The repeated pattern indicates that you are not shuffling the data, which also shows your code, so could you enable shuffling and see if it would help in any way?
Also, since the loss seems to be exactly the same, your computation graph might be detached, so check if all parameters get valid gradients after the loss.backward() operation via:

for name, param in model.named_parameters():
    print(name, param.grad)

Stanley_C · November 30, 2020, 7:23am

Hi, thanks for responding! I added your code and got results like this:

FE_layer.0.weight tensor([[[[  43103.2578]],

         [[-176214.8594]],

         [[ 193186.0156]]],


        [[[ -65900.7109]],

         [[   9959.4365]],

         [[   7424.0977]]],


        [[[  -2614.8594]],

         [[ -31229.7559]],

         [[ -17630.7383]]],


        [[[  46508.3984]],

         [[  66506.5938]],

         [[ -16597.5312]]],


        [[[ -29938.4004]],

         [[  20681.8320]],

         [[  16445.1836]]],

I’m not sure if I’m interpreting it correctly, but it seems like the gradients are flowing, it is just the model doesn’t learn.
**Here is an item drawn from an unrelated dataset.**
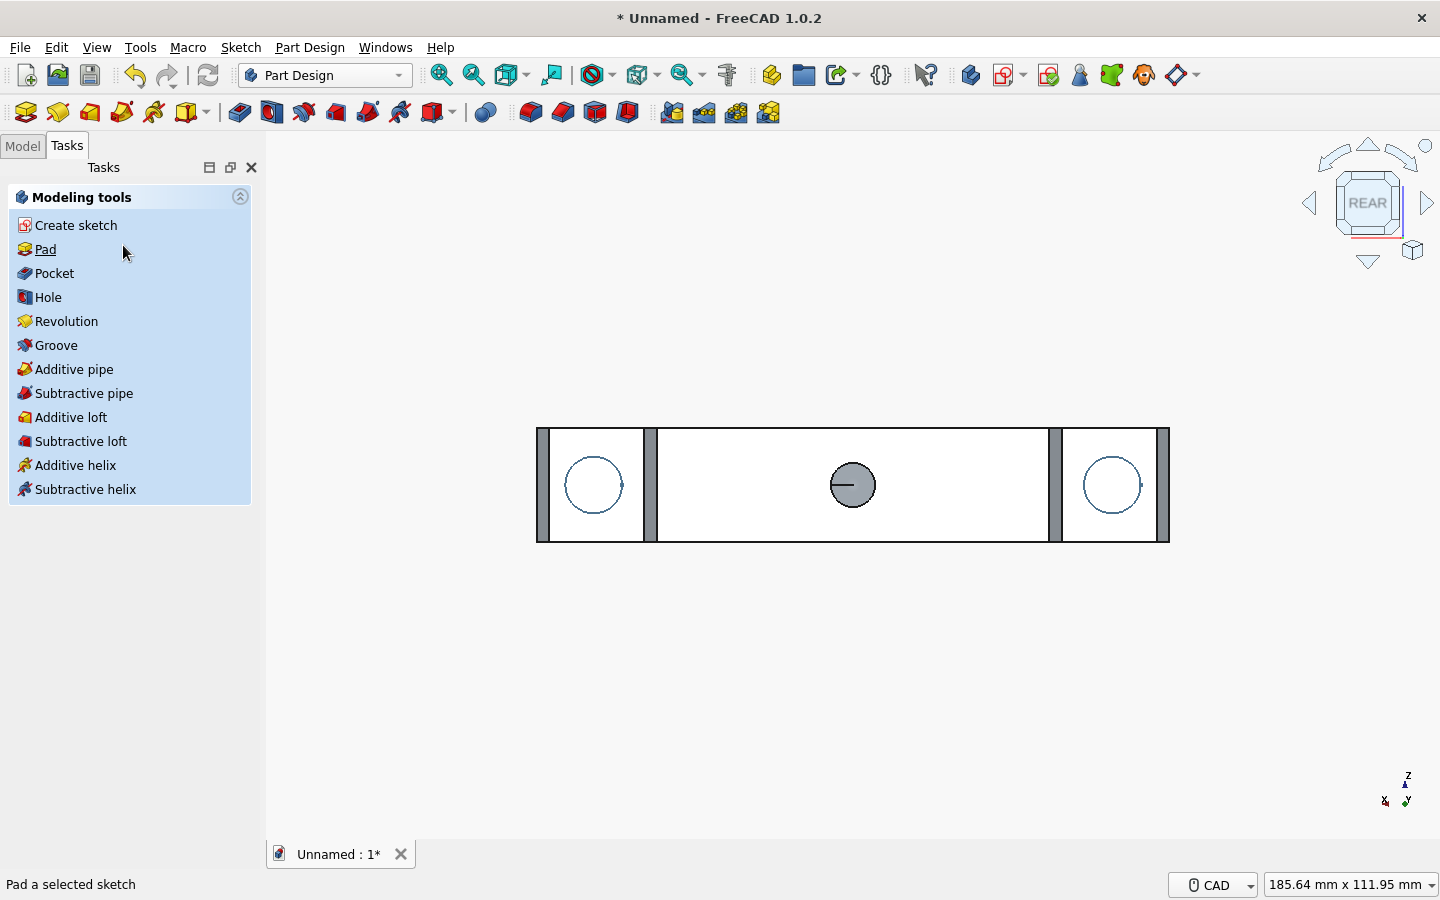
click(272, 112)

ptrblck · November 30, 2020, 7:26am

If you get valid gradient values for all parameters, then the computation graph is at least not detached.
Note however, that the gradients seem to be quite large. I’m not familiar with your exact use case, but maybe try to scale the loss down a bit so that the gradient magnitudes will also be reduced.

Stanley_C · November 30, 2020, 5:02pm

Okay, so I should divide the loss, so I don’t have “exploding gradients”? So my training loop is fine, is it just the loss is too large, causing the gradient magnitudes to increase to a point where the model does not learn anything?
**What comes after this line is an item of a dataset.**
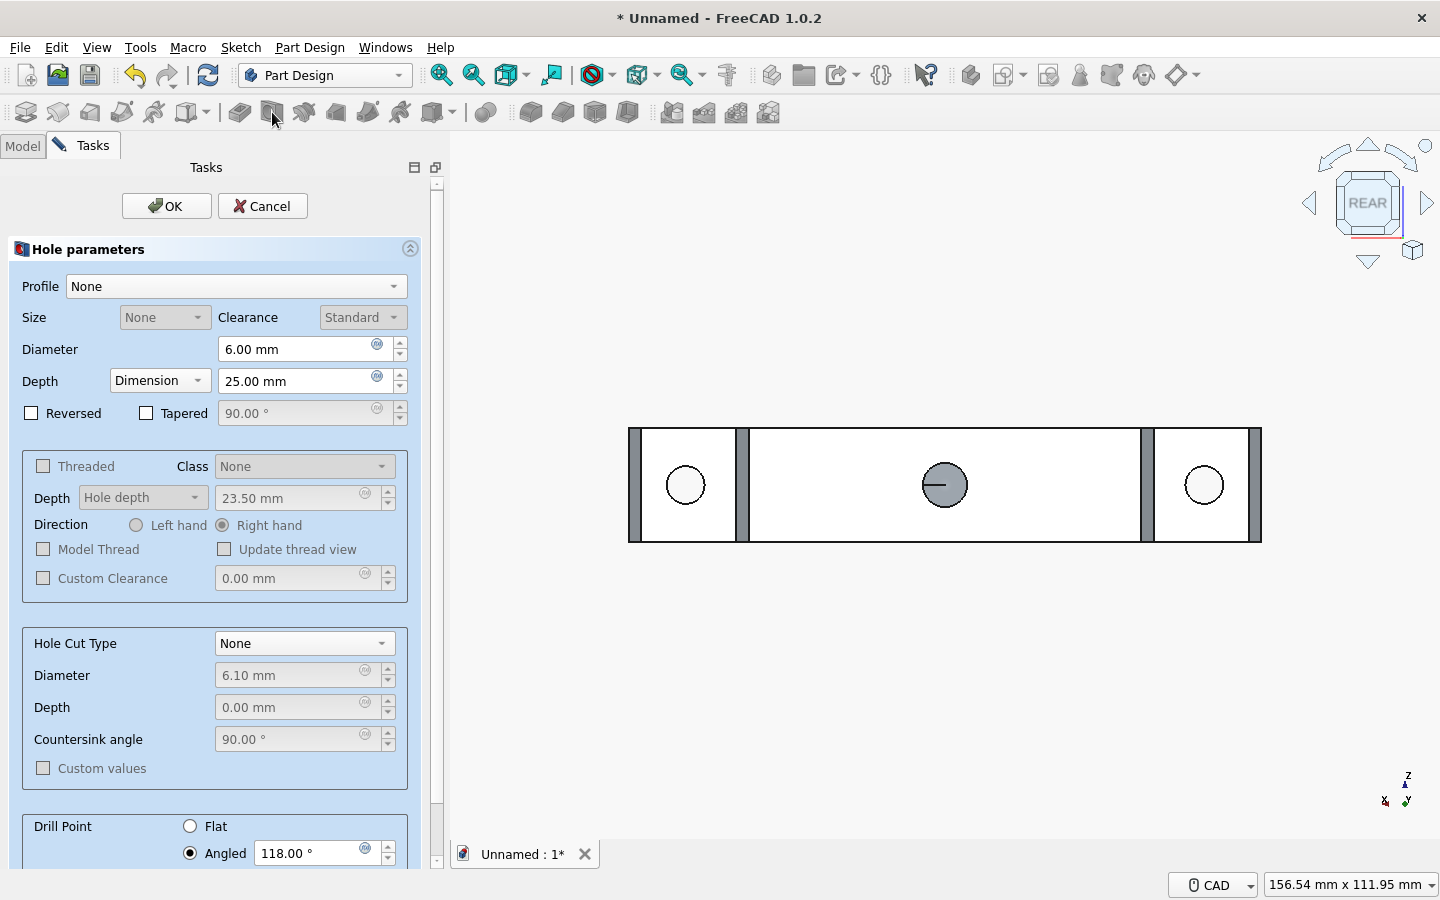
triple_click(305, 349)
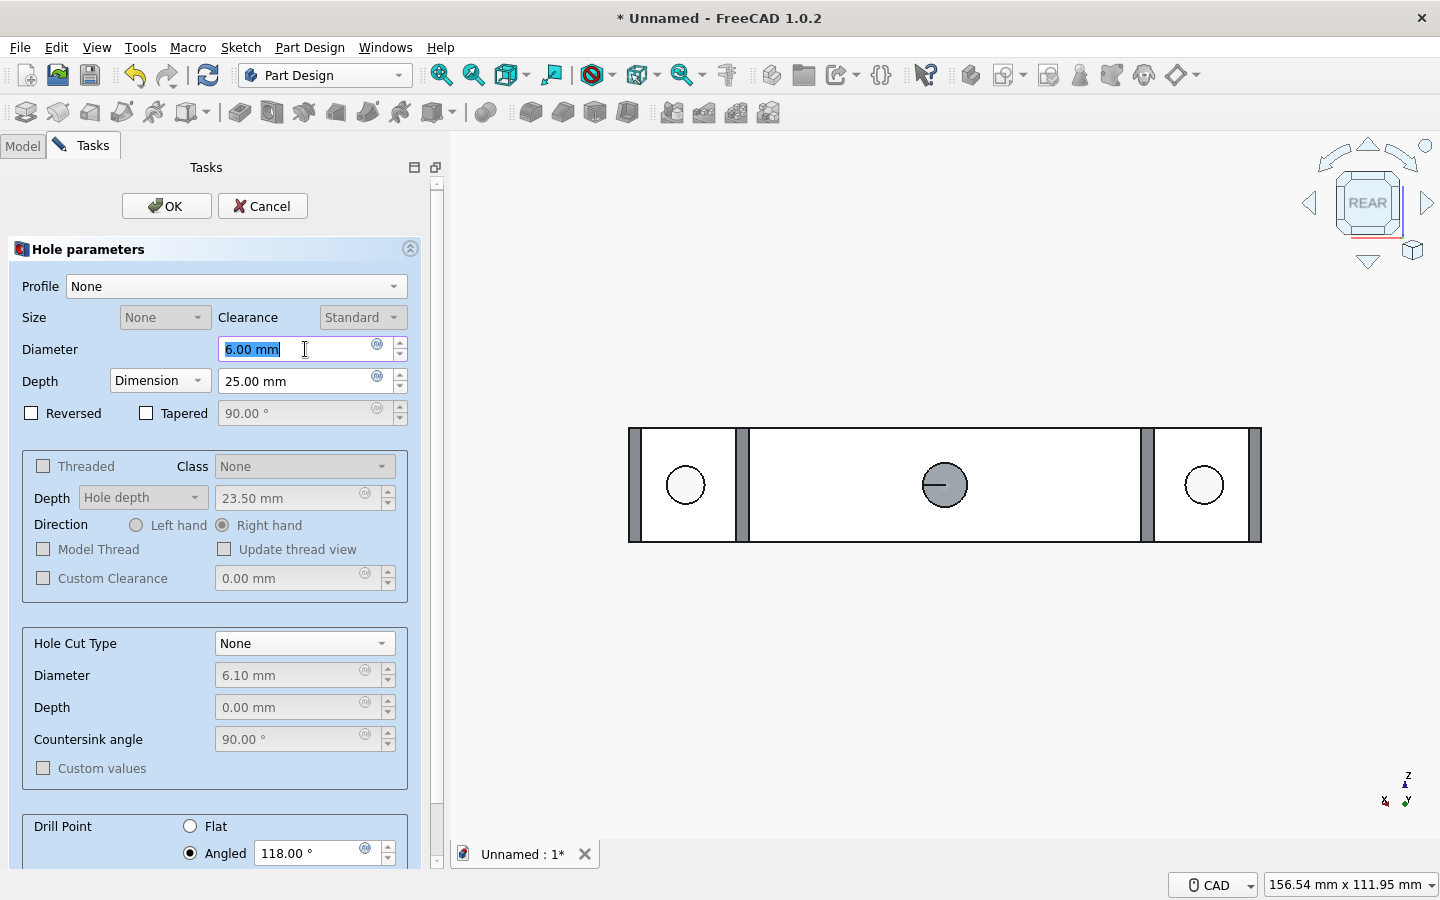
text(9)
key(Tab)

ptrblck · November 30, 2020, 5:03pm

That would be one possible approach, the other one would be to lower the learning rate.
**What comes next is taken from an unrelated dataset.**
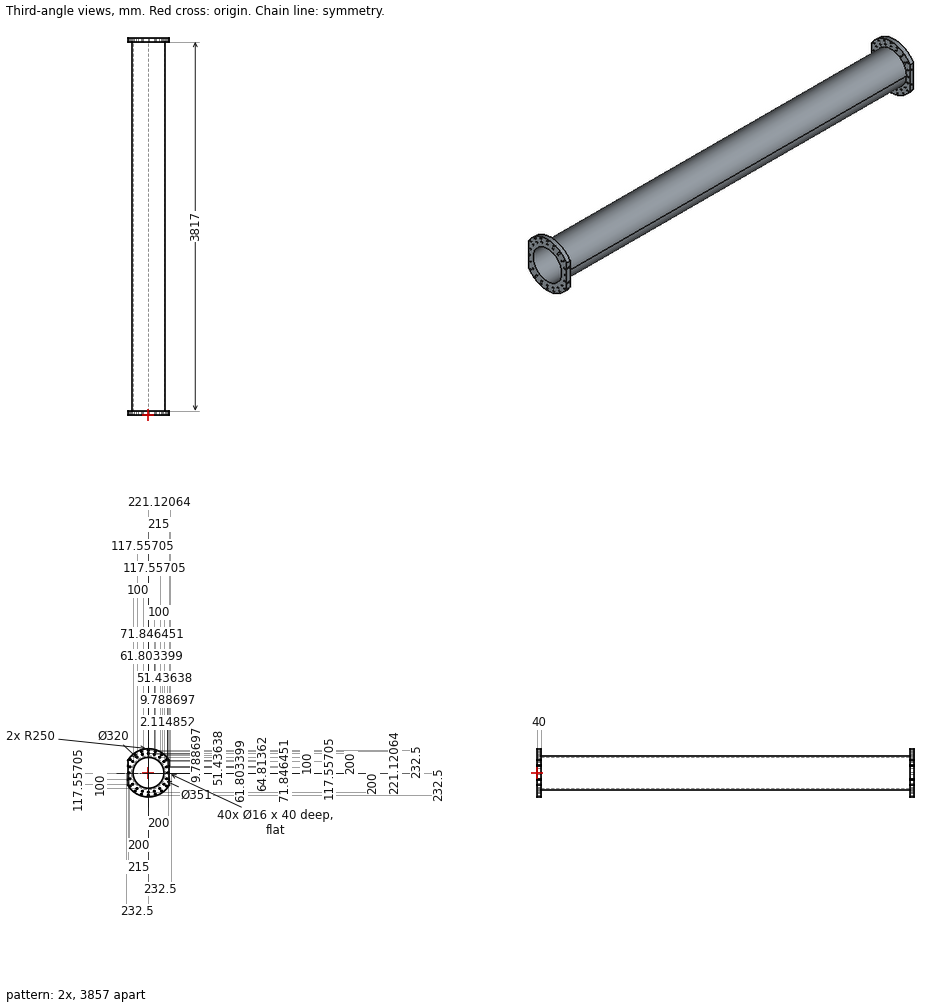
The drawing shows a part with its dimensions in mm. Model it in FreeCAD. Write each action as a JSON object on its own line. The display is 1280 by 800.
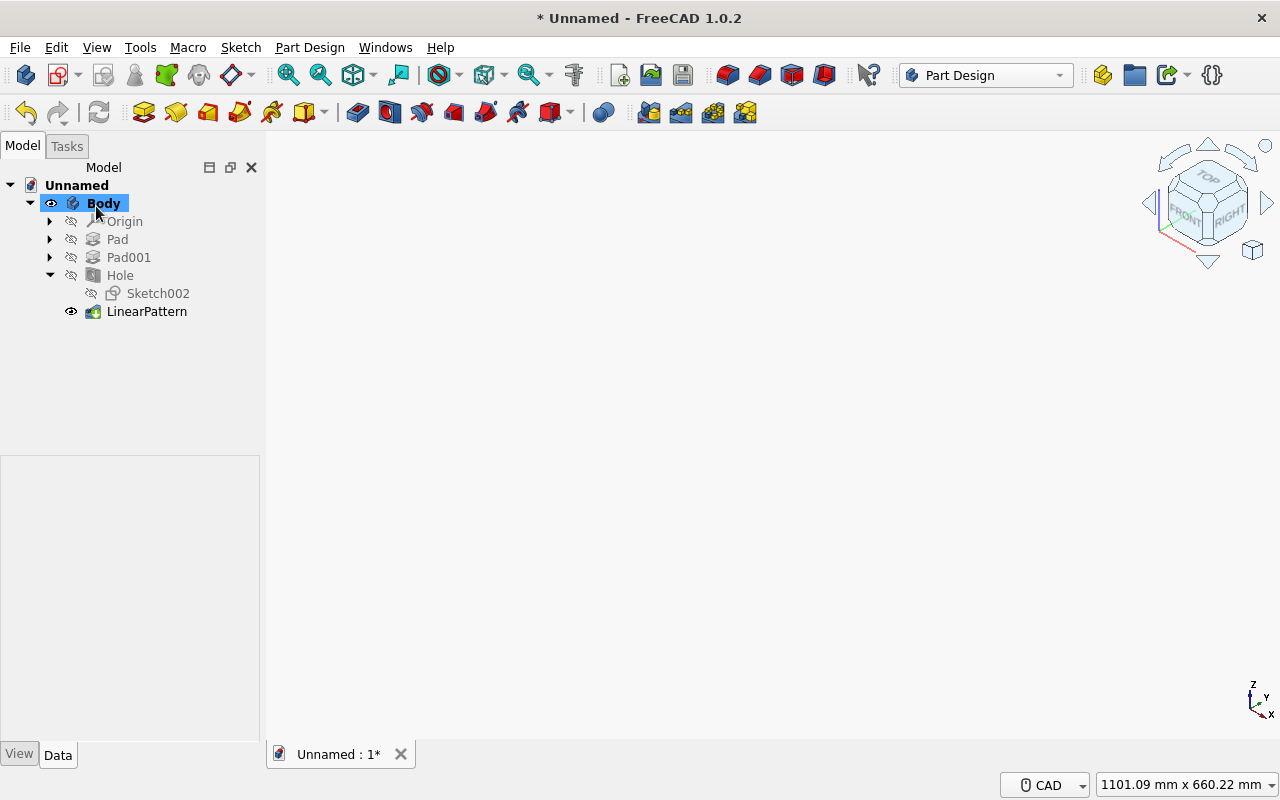
{"action": "left_click", "coordinate": [290, 76]}

Stanley_C · November 30, 2020, 6:28pm

I tried scaling my inputs between -1 and 1, and then dividing the loss by a bit, (although it is still in the 6 digits). I still see gradient explosions, later in the neural network. Should I try to future scale down the loss and should I try gradient clipping if that doesn’t work?
Example:

coordReconstruction_layer.0.10.bias tensor([  29565.5938,  107157.0859, -415445.0000,  -52302.0312, -174125.9688,
          91306.4375,  178269.4062, -365361.7500,  573210.0000,  207930.5625,
         -18185.3281,   58567.1094, -360612.0625,  128182.8359,   29353.1719,
        -199463.4062,  -17777.7500, -110101.8203, -532024.7500,  160549.6250,
        -576055.6875,  189424.9844,  157812.2344, -245538.3906,   85801.1406,
         176016.4375,  224826.5312,   23766.4766, -619454.1875, -294117.7500,
        -325290.5312,   60833.8672, -107854.8438,  -57861.6602, -264200.2500,
          83863.8906,  172188.1406,  385307.7500, -346806.8125,  108188.7266,
         440669.6250,  -97171.9609, -602740.8125,  129569.0156, -736367.2500,
          20825.3438,  -35092.2891,   22432.6875, -297975.8438, -282776.5938,
         226446.8125,   77869.7969,  -57261.6875, -323141.1875,  362888.2500,
        -118788.5781,   48330.5234, -223928.7188,  507906.5000,  -31208.7812,
        -106249.6562,  274496.8750, -547059.8750,  354355.5000],
       device='cuda:0')
coordReconstruction_layer.1.0.weight tensor([[[[ 1.2466e+06]],

         [[ 1.6526e+06]],

         [[ 5.6299e+06]],

         [[ 3.0220e+06]],

ptrblck · December 1, 2020, 5:02am

Yes, I would try to compare the gradient stats to a working model (e.g. use your model in a standard classification use case and just plot the gradients magnitudes for a few iterations/epochs).
I don’t know why your loss is that large, but from my naive point of view the gradient values look too large to allow a proper training (disclaimer: I’m not a researcher, so take it with a grain of salt).